And maybe another problem is that if you want to attract people from a migration background, you forget to think like a person from a migration background. I'm going to give an example of that from at Saphir - my last project that we haven't talked about yet: Saphir is the very first culture-sensitive residential care centre in Belgium [we're definitely going to talk more about that in a moment because that intrigues us], which is also suitable for the Muslim community. We spent months on end looking for a director with a migrant background. Of course, he also had to be qualified, we were not just going to hire someone with a migration background. We looked for a very long time, because we were also mainly looking for someone who had experience in a residential care centre, as a director. We weren't able to find that. Then we shifted our focus to 'either look for a director without a migration background who already has experience as a director in a residential care centre', 'or look for someone with a migration background who has been a director in a similar situation'. For example, a hospital or a very large NGO. We found 2 people in the first group, i.e. people with a migration background without direct experience as a director in an assisted living centre.

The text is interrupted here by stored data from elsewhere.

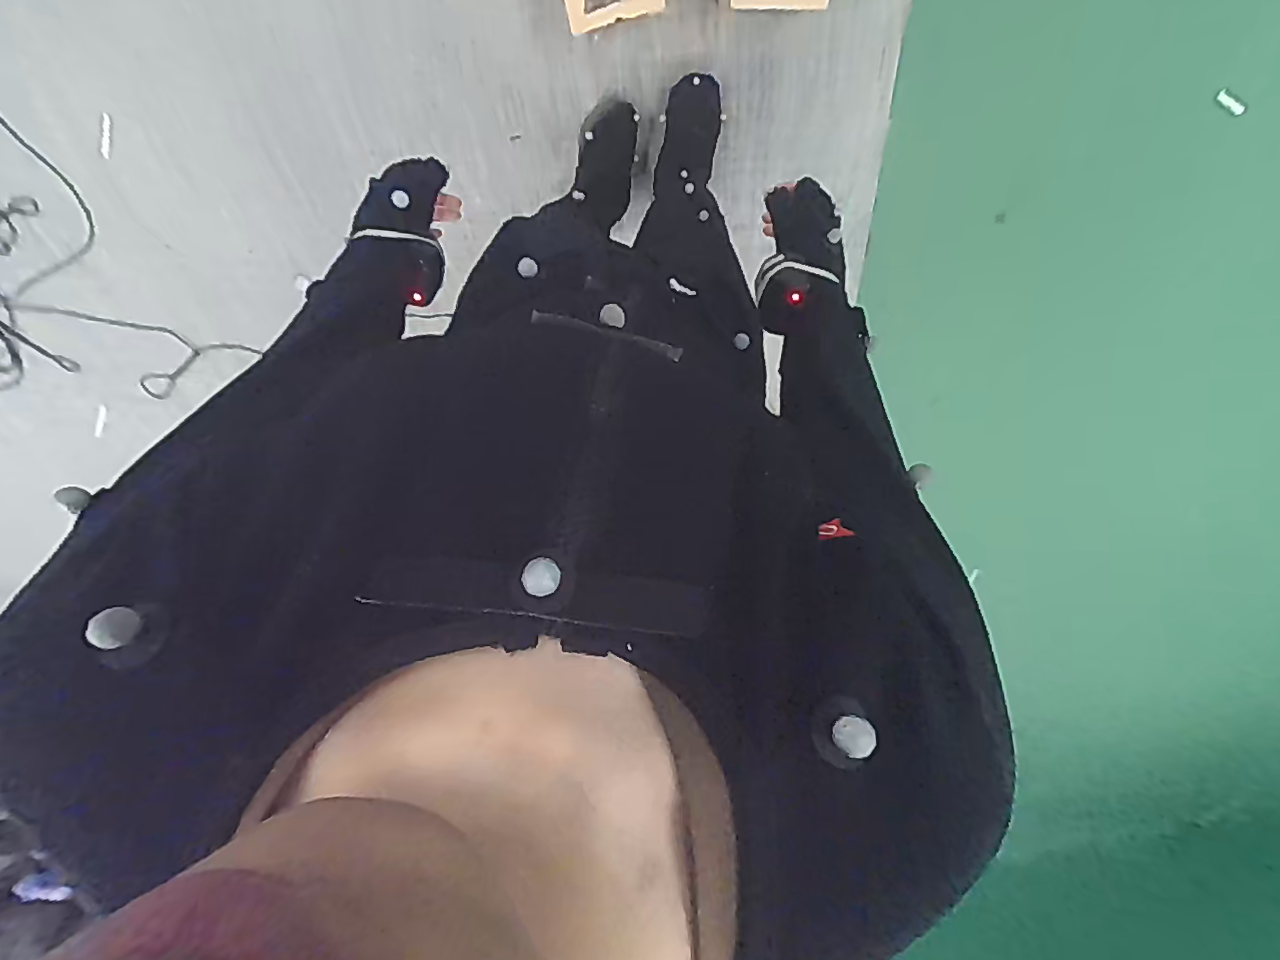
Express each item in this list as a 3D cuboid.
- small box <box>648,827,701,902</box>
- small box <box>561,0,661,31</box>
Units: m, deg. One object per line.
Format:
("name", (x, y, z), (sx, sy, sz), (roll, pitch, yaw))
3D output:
("small box", (0.114, 1.270, 1.783), (0.168, 0.176, 0.179), (-3, 130, 3))
("small box", (-0.059, -0.889, 0.910), (0.168, 0.176, 0.179), (-9, 129, 7))
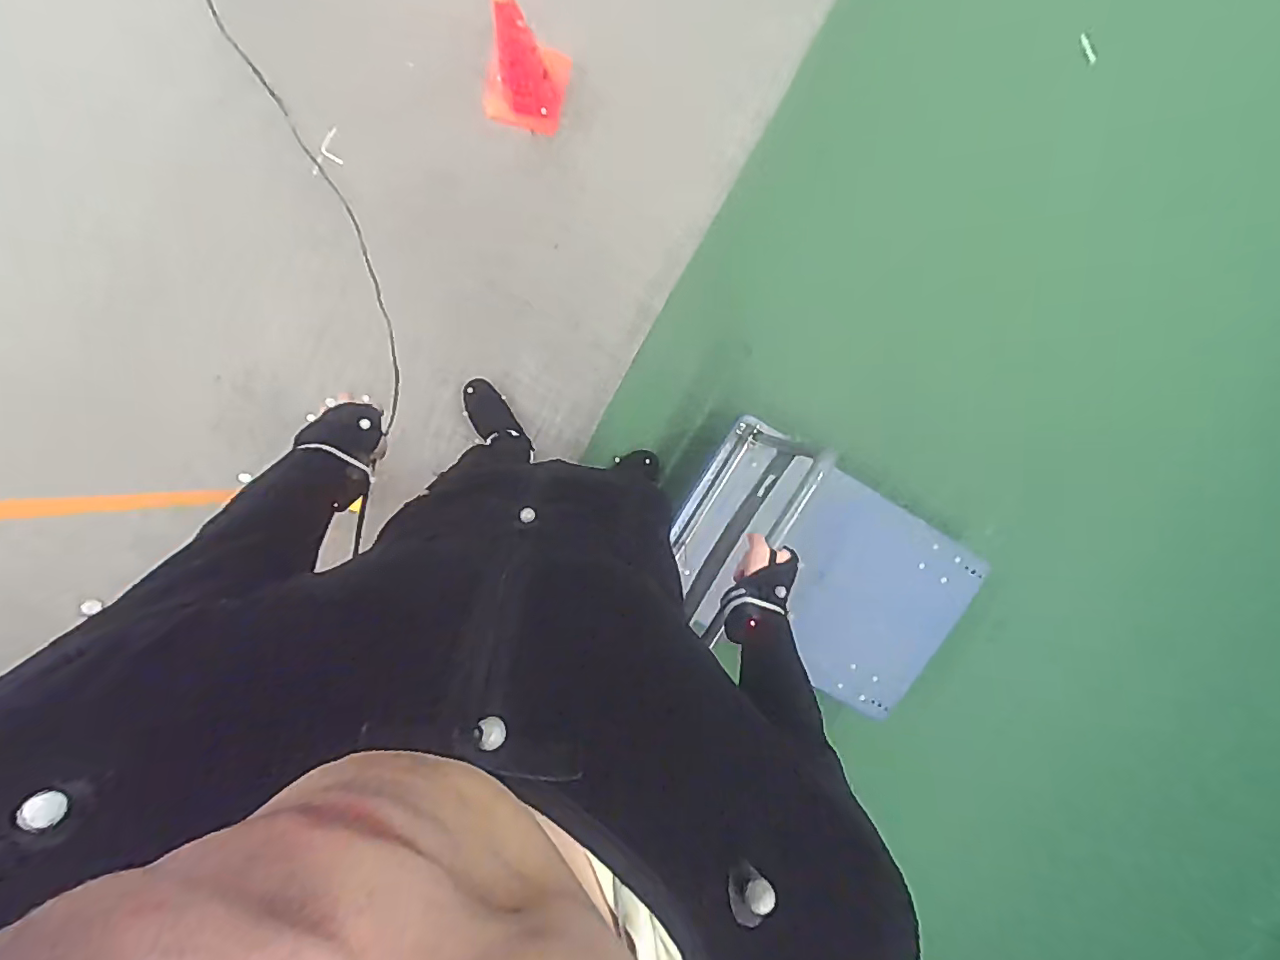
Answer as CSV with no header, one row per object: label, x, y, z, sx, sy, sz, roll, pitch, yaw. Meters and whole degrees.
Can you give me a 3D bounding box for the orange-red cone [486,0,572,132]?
orange-red cone,-0.281,-1.023,1.263,0.198,0.360,0.199,15,97,-6
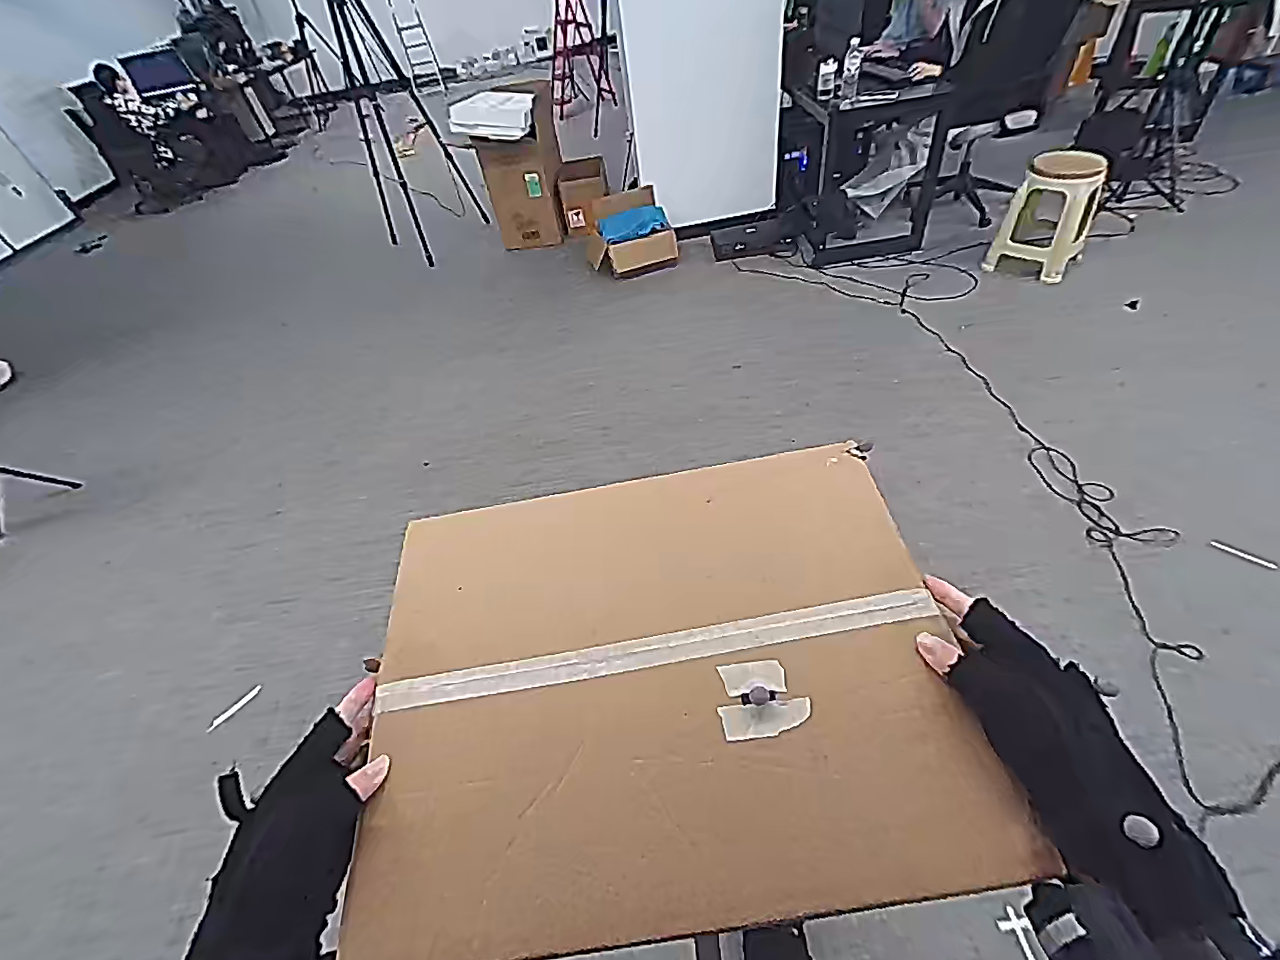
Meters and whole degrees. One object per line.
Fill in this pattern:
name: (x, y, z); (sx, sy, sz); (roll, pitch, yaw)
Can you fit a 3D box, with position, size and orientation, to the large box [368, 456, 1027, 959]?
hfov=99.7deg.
large box: (0.029, 0.221, 0.522); (0.408, 0.320, 0.320); (-10, 52, 1)
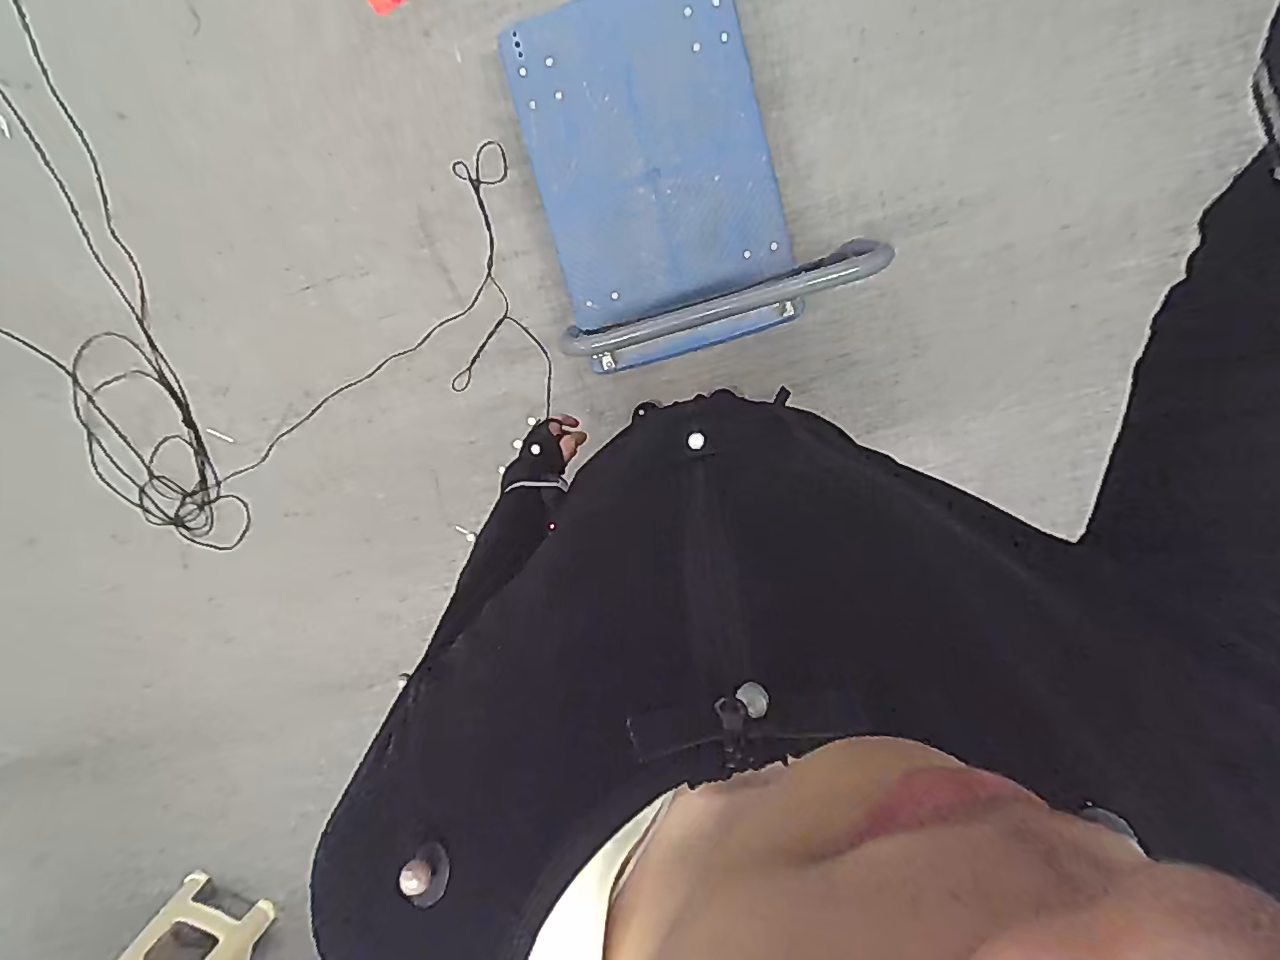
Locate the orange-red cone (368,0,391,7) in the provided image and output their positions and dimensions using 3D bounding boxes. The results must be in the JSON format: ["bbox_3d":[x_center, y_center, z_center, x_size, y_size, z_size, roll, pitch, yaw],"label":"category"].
[{"bbox_3d":[-0.710,-1.390,1.295,0.199,0.360,0.198,-30,95,9],"label":"orange-red cone"}]
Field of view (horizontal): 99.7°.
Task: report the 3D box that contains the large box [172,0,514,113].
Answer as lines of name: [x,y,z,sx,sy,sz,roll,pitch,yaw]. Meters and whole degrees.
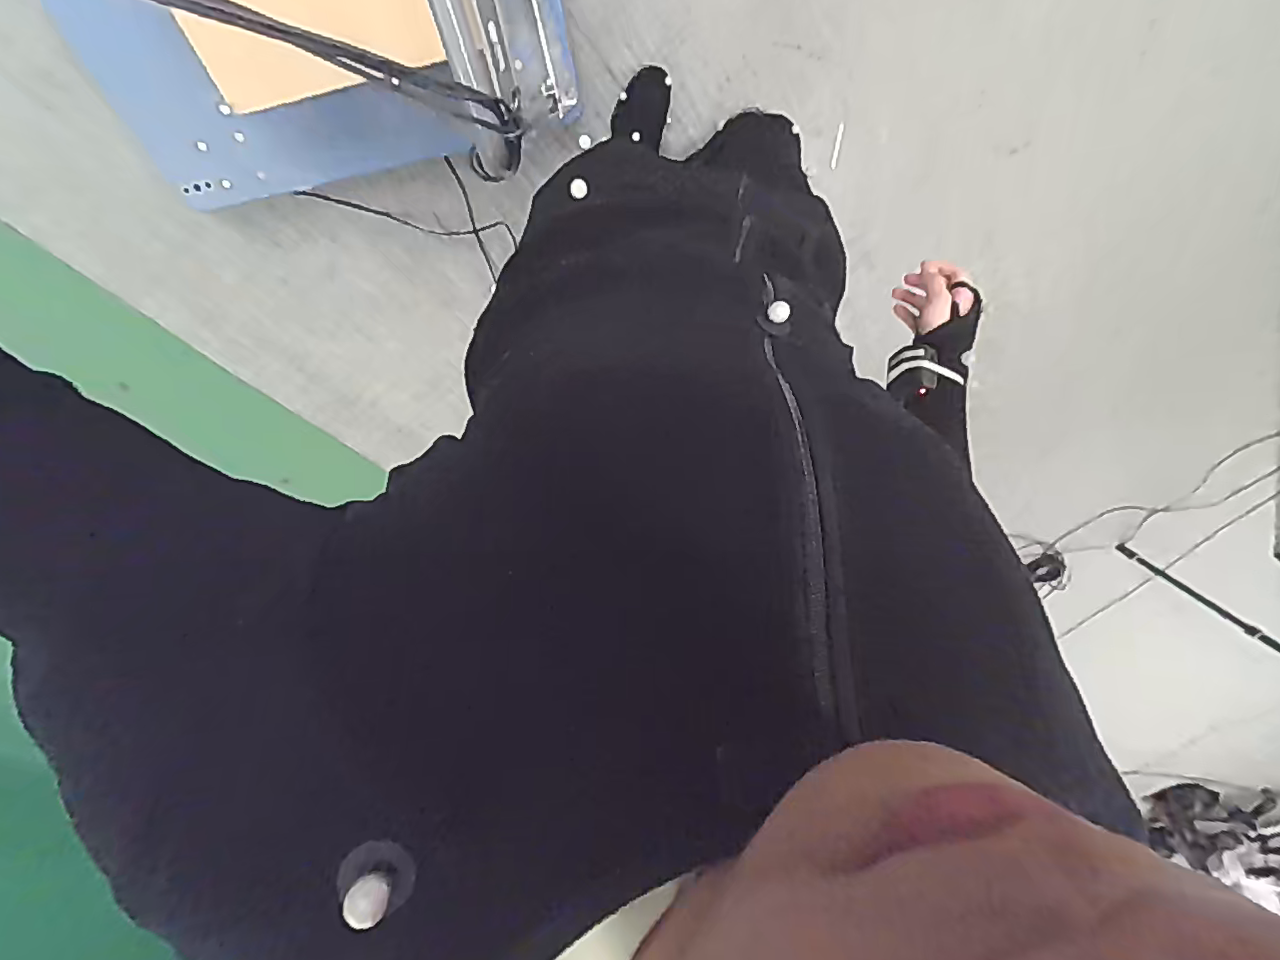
large box: [-0.445,-0.800,0.798,0.408,0.320,0.320,-11,131,6]
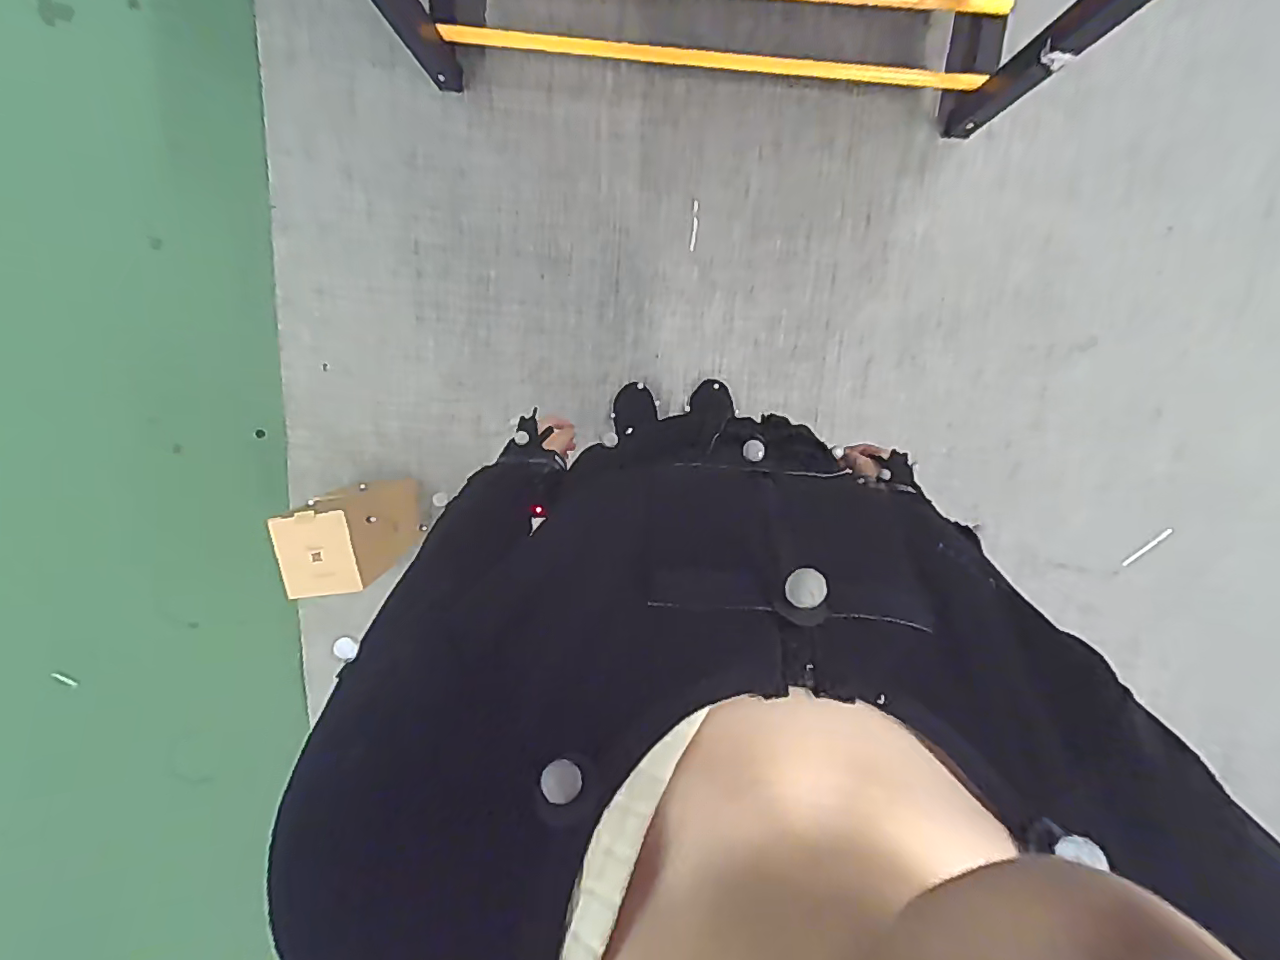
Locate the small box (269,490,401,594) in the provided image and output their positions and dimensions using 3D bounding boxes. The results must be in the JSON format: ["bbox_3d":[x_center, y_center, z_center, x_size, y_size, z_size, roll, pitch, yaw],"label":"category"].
[{"bbox_3d":[-0.647,0.124,1.167,0.168,0.176,0.179,-8,102,5],"label":"small box"}]

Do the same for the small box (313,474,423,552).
[{"bbox_3d":[-0.652,0.085,1.325,0.179,0.176,0.168,-5,101,3],"label":"small box"}]

So how is the procedure of recruitment: first there is an interview with the operations director, a second interview is an interview with the COO, and then you have an assessment. So you actually have to pass the two interviews before you can go to the assessment.

With person 1, we had an interview with the operations director, and I thought 'wow, this is it.' I was really happy because after months of searching. It was someone who had really worked with people with a migration background for more than 10 years with budgets of more than 10 million euros, in Brussels, who could also speak French and Dutch (another problem in Brussels is of course the French language). And the second interview with the COO, she also said 'this is it'. We were very happy.

But.

I'm going to say the plot later.

The second person was someone internally who we knew might not be directly for the management position - in the sense of: you also have to be able to do finance and so on. But who we knew as a person that would bring the project alive and we knew that with additional training, skills can be gained.

But. The first person failed the assessment. We were in shock! The second person also failed at the assessment.

And only much later, in retrospect, when I was talking to a friend about this, it was he who said to me 'but was the assessment geared to someone from a migration background'? That I then thought: maybe that's where it went wrong. Because we were not looking for a director for a classic residential care home. We were looking for someone who could carry that project with heart and soul, who could also radiate that project to the outside world. I think that's where the pinch was. And even now - we are a year on - I still think about that.

So you didn't hire the person either?

No.

Did you do anything with that insight, share it with the institution that carried out that assessment? Because that's worth a call!

No I didn't, but since I still think about it a year later so I guess I really need to share my feedback.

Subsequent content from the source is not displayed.